Anoop Singh Mridula Sharma Shiv Prasad Yaqoob Bhat Anil Kumar Dinesh Pandey Santosh Shukla
Vol 7(4), 93-101

This study was conducted to evaluate effect of butylated hydroxytoluene (BHT) on post thaw semen quality of cattle bull. Thirty six ejaculates from two bulls were collected and extended with glycerolated egg yolk tris diluter. Samples were divided into three groups according to BHT concentration as 0 mM (C) 0.5 mM (T1) and 1.0 mM (T2). The samples were analyzed for progressive motility, sperm viability and membrane integrity at three stages i.e. post dilution (stage I), post equilibration (stage II) and post thaw (stage III). Progressive motility, sperm viability and sperm membrane integrity were significantly (p<0.05) higher in T1 & T2 compared to the control. The concentration 1mM of BHT showed better results as compared to 0.5 mM. BHT addition improved the sperm quality probably due to its antioxidant property as it reduces the lipid peroxidation of the sperms.

Keywords : Sperm Viability Butylated hydroxytoluene Membrane Integrity Antioxidant Crossbred Bovine Spermatozoa


Cryopreservation is detrimental to sperm function and fertility even with the most up to date technique. Sperm viability and fertility is decreased by about 50% after cryopreservation (Lessard et al., 2000). There are many harmful conditions such as cold shock, osmotic stress, ice crystal formation or oxidative damage etc which cause sperm cryoinjury and loss of sperm viability and fertility. The detrimental conditions of sperm are due to mechanical and osmotic phenomenon, oxidative stress, increased membrane permeability, lipid per oxidation and subsequent membrane damage. Physiological levels of reactive oxygen species (ROS) play essential roles in sperm capacitation; acrosomal reaction and fertilization process (Bailey et al., 2000). However, higher production of ROS due to oxidative stress during freezing and thawing of bull semen is responsible for the deterioration of semen quality (Bilodeau et al., 2000). The damage due to increased ROS can occur in sperm bio-membrane system due to presence of high content of polyunsaturated fatty acids (Kankofer et al., 2005). Increased ROS affect motility, plasma membrane integrity, viability and acrosomal integrity (Bilodeau et al., 2001 and Lenzi et al., 2002) which ultimately reduce the fertilization potential of the spermatozoa. The ROS are highly reactive in nature and combine readily with other molecules causing oxidation and structural and functional changes which lead to cellular damage.
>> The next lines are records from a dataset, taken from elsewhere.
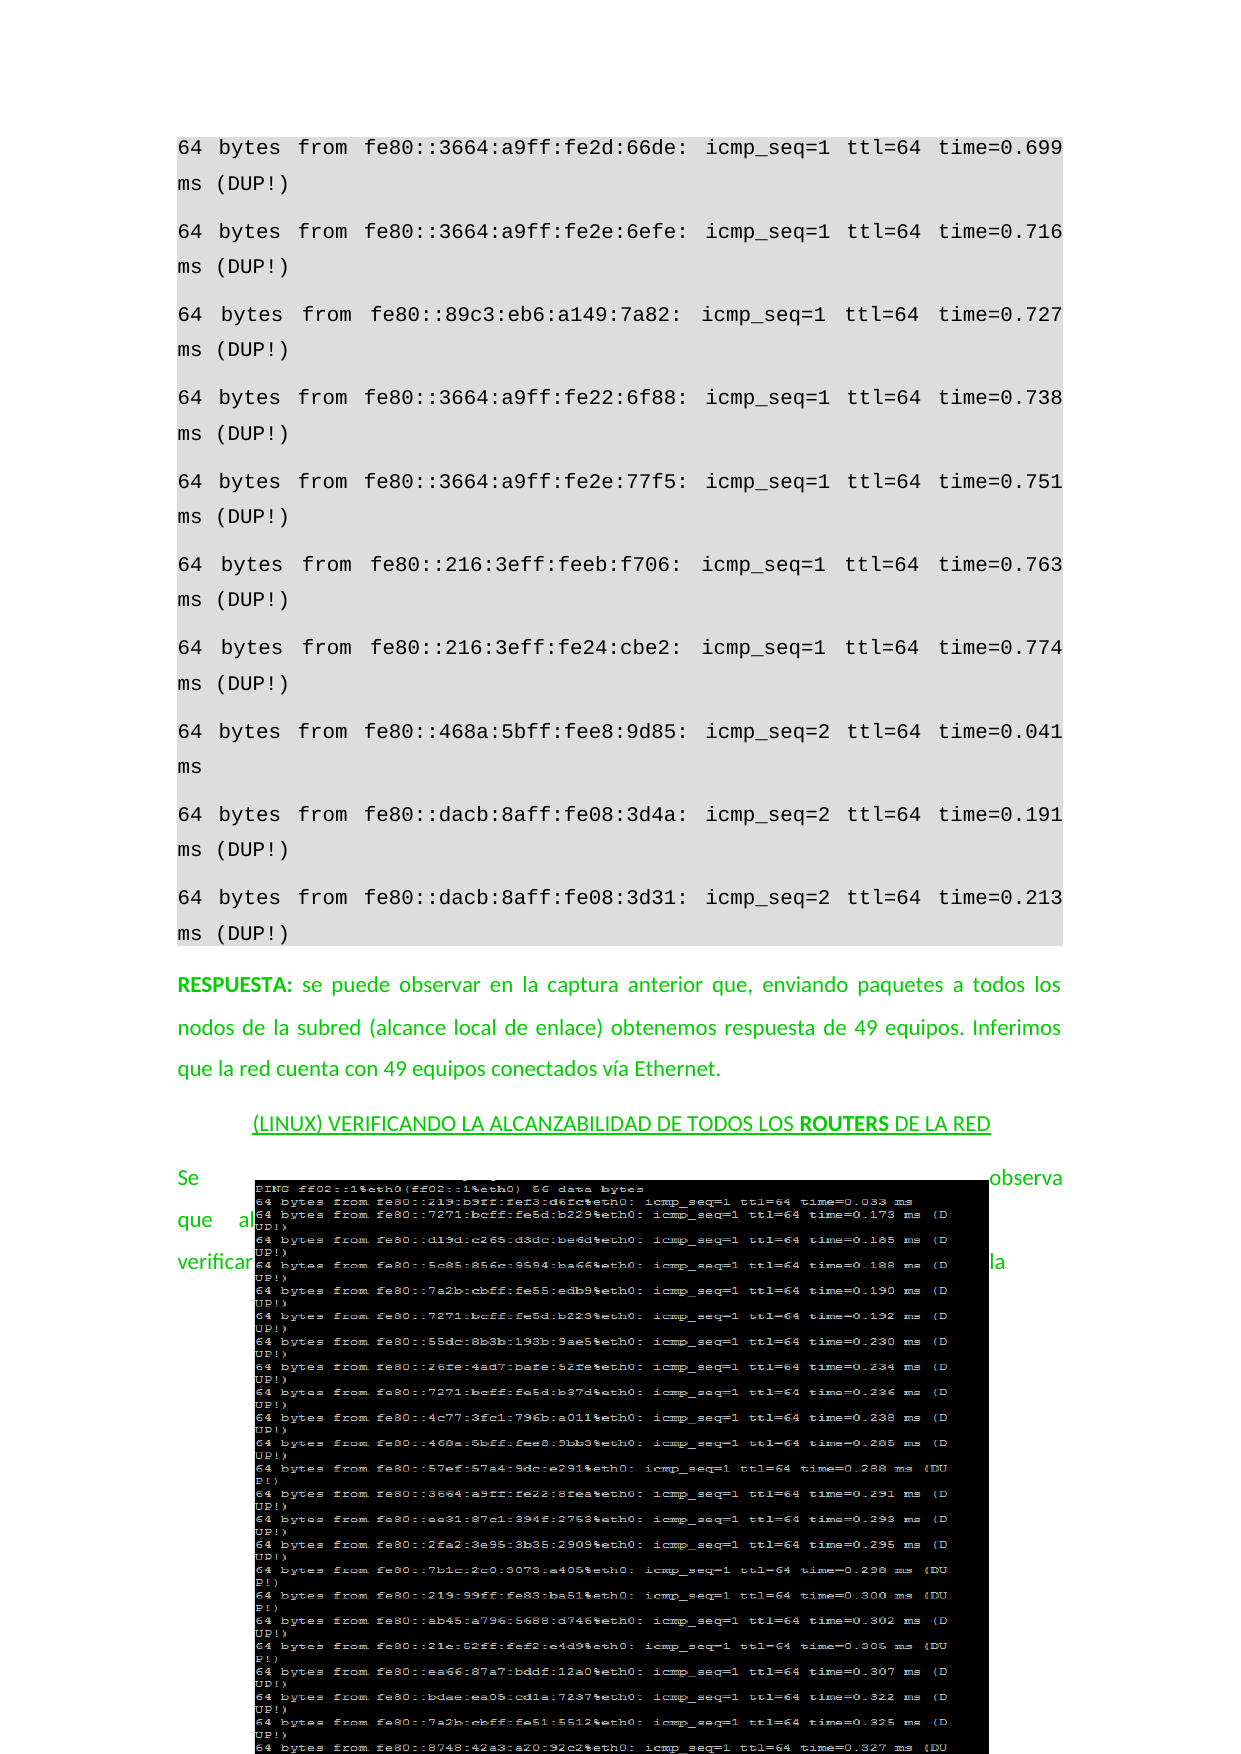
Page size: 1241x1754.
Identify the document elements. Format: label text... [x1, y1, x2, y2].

text RESPUESTA: se puede observar en la captura anterior que, enviando paquetes a todos los nodos de la subred (alcance local de enlace) obtenemos respuesta de 49 equipos. Inferimos que la red cuenta con 49 equipos conectados vía Ethernet. [177, 971, 1063, 1083]
text (LINUX) VERIFICANDO LA ALCANZABILIDAD DE TODOS LOS ROUTERS DE LA RED [252, 1109, 1063, 1137]
text 64 bytes from fe80::3664:a9ff:fe2e:6efe: icmp_seq=1 ttl=64 time=0.716 ms (DUP!) [177, 221, 1063, 280]
text 64 bytes from fe80::dacb:8aff:fe08:3d31: icmp_seq=2 ttl=64 time=0.213 ms (DUP!) [177, 887, 1063, 946]
text 64 bytes from fe80::3664:a9ff:fe2e:77f5: icmp_seq=1 ttl=64 time=0.751 ms (DUP!) [177, 471, 1063, 530]
text 64 bytes from fe80::216:3eff:feeb:f706: icmp_seq=1 ttl=64 time=0.763 ms (DUP!) [177, 554, 1063, 613]
text 64 bytes from fe80::3664:a9ff:fe22:6f88: icmp_seq=1 ttl=64 time=0.738 ms (DUP!) [177, 387, 1063, 446]
text 64 bytes from fe80::3664:a9ff:fe2d:66de: icmp_seq=1 ttl=64 time=0.699 ms (DUP!) [177, 137, 1063, 196]
text 64 bytes from fe80::216:3eff:fe24:cbe2: icmp_seq=1 ttl=64 time=0.774 ms (DUP!) [177, 637, 1063, 696]
text Se observa que al verificar la [177, 1163, 1063, 1276]
text 64 bytes from fe80::dacb:8aff:fe08:3d4a: icmp_seq=2 ttl=64 time=0.191 ms (DUP!) [177, 804, 1063, 863]
text 64 bytes from fe80::468a:5bff:fee8:9d85: icmp_seq=2 ttl=64 time=0.041 ms [177, 721, 1063, 780]
text 64 bytes from fe80::89c3:eb6:a149:7a82: icmp_seq=1 ttl=64 time=0.727 ms (DUP!) [177, 304, 1063, 363]
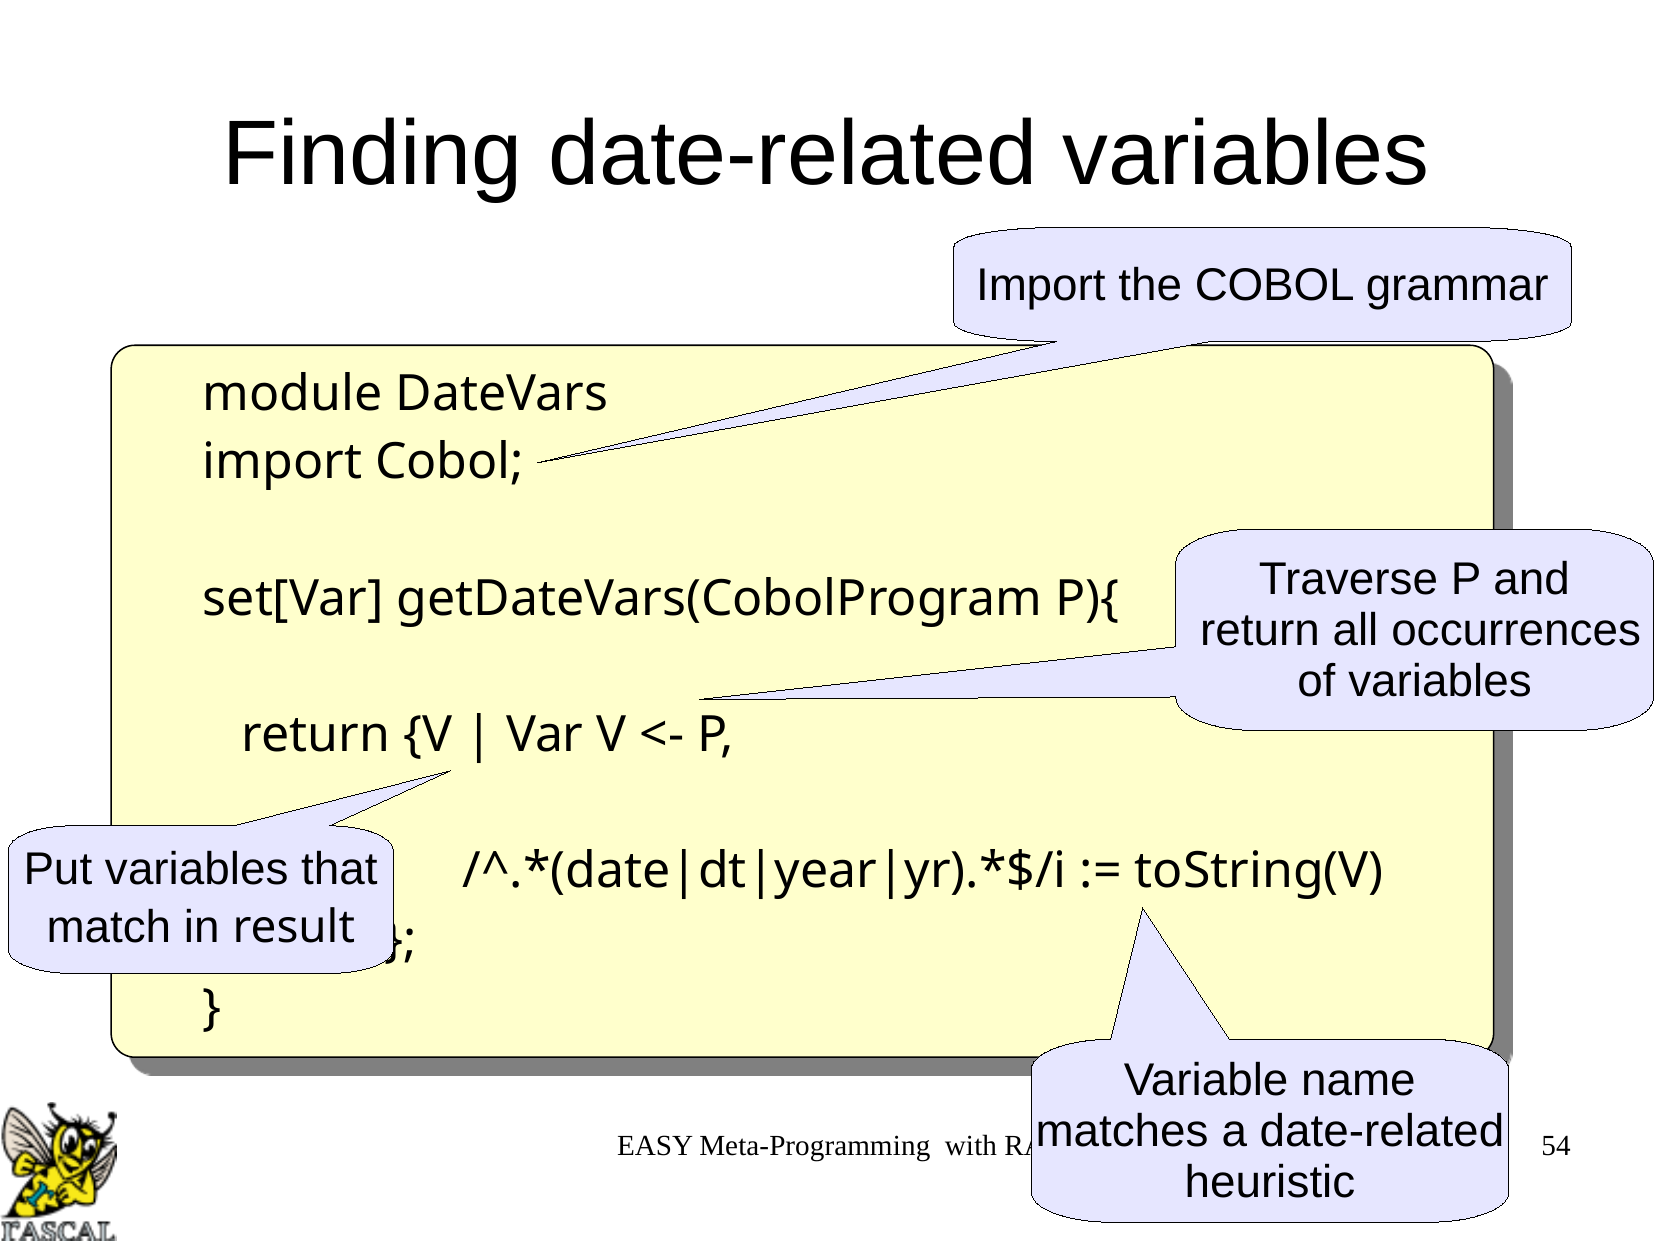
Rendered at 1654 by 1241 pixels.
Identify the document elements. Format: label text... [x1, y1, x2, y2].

text_box Import the COBOL grammar [537, 227, 1572, 463]
text_box module DateVars import Cobol; set[Var] getDateVars(CobolProgram P){ return {V | Var V <- P, /^.*(date|dt|year|yr).*$/i := toString(V) }; } [188, 349, 1611, 1060]
title Finding date-related variables [82, 49, 1571, 257]
text_box Traverse P and return all occurrences of variables [699, 529, 1654, 731]
text_box Put variables that match in result [8, 770, 451, 974]
text_box [1174, 345, 1483, 349]
text_box [111, 345, 1037, 825]
text_box [111, 974, 188, 1058]
text_box Variable name matches a date-related heuristic [1031, 907, 1509, 1223]
picture [0, 1102, 117, 1241]
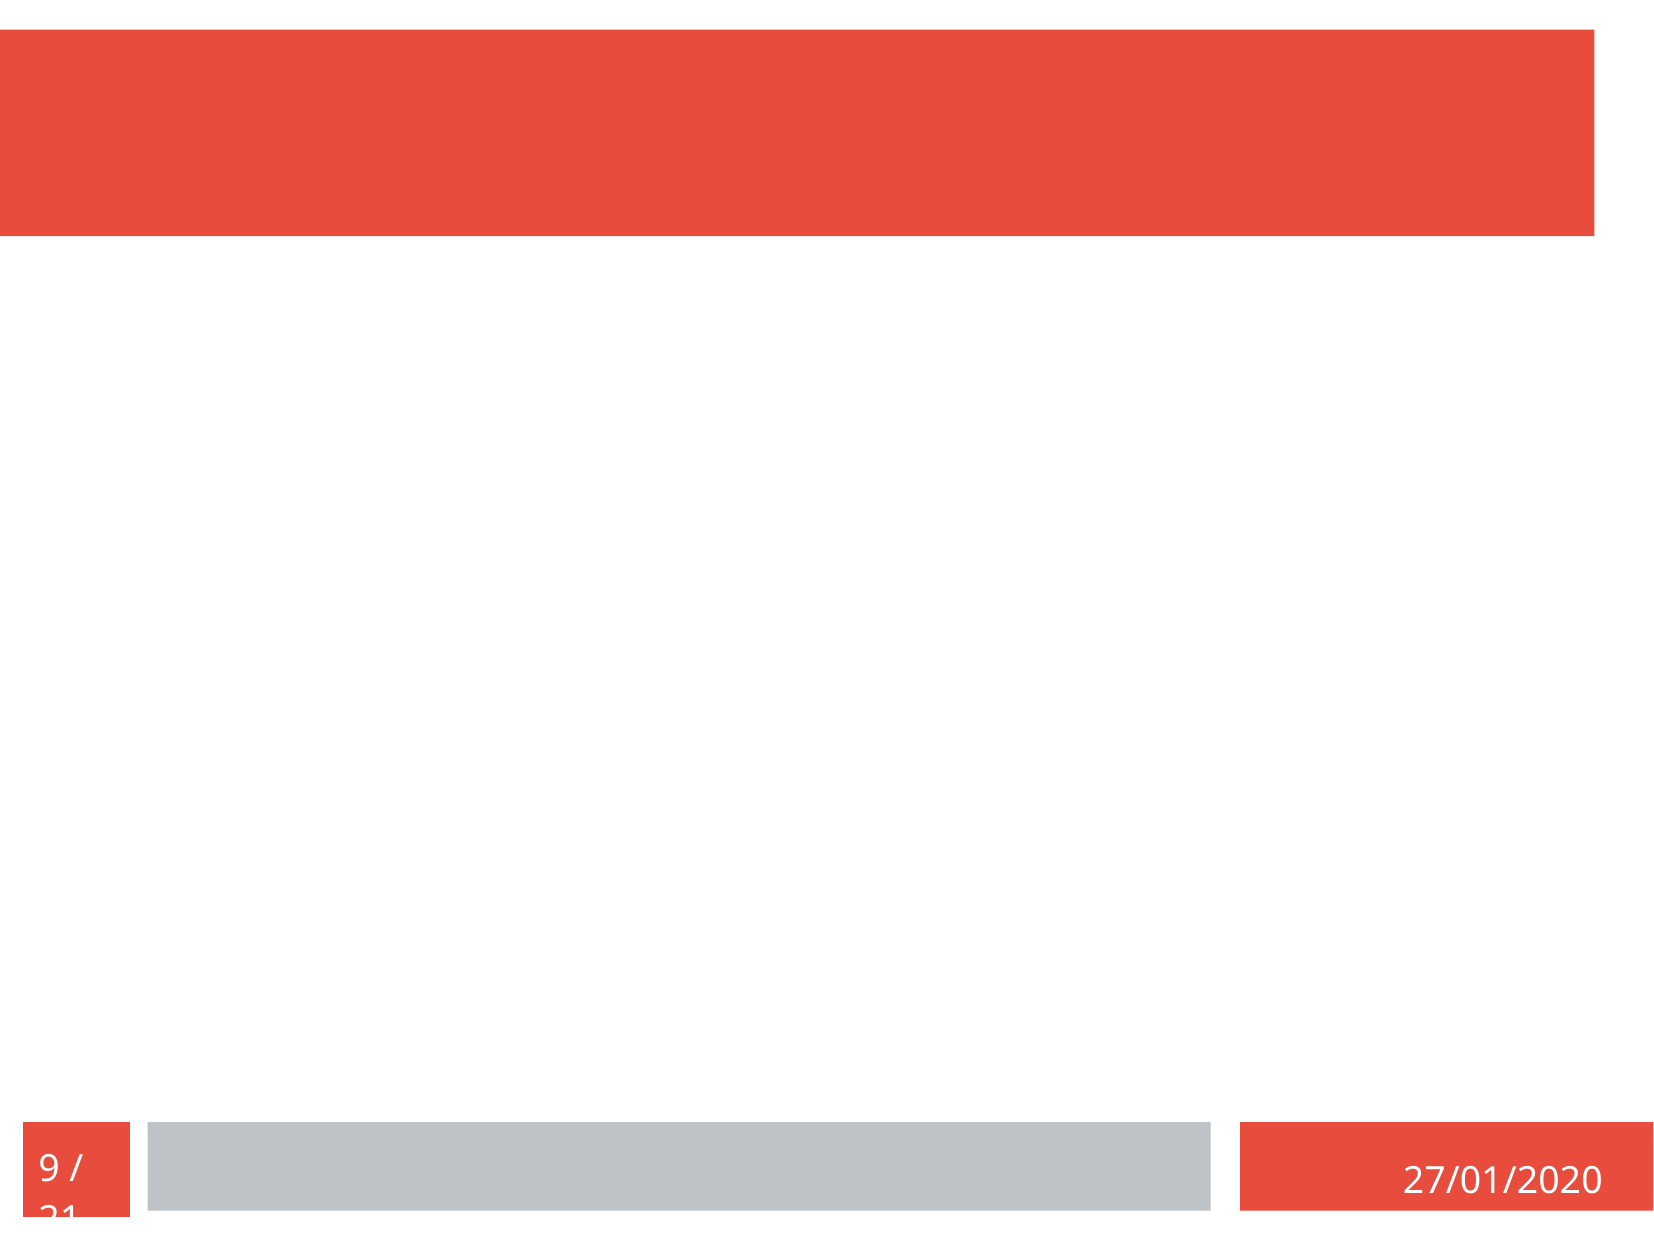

The sperm plasma membrane is the primary site of damage induced by cryopreservation. Sperm cells lack cytoplasmic component which contain significant antioxidants. Hence, they are highly susceptible to lipid per oxidation by oxygen free radicals and H2O2 (Baumber et al., 2003 and Ogretmena, F. and Inanan, B.E. 2014). Free oxygen radicals in the sperm cells play a major role in lipid per oxidation as well as in protein damages that lead to cell death (Shoae, A. and Zamiri, M.J. 2008) or altered characteristics (DNA and sperm membrane damages). Concentration of naturally present antioxidant is usually decreased during the cryopreservation process by dilution of semen with extender and excessive generation of ROS molecules (Roca et al., 2004) and its harmful effect to sperms is not nullified by naturally present antioxidant. Hence supplementation of natural or synthetic antioxidants in semen extender would be beneficial for the improvement of post-thawed semen characteristics (Jamadia et al., 2016). Addition of vita-E, vita-C, glutathione (GSH), cysteine, taurine, hypotaurine, caffine, bovine serum albumin (BSA), trehalose and hyaluronan etc. to semen extender has been reported to have a positive influence in control of cryodamages of spermatozoa (Patel et al., 2015).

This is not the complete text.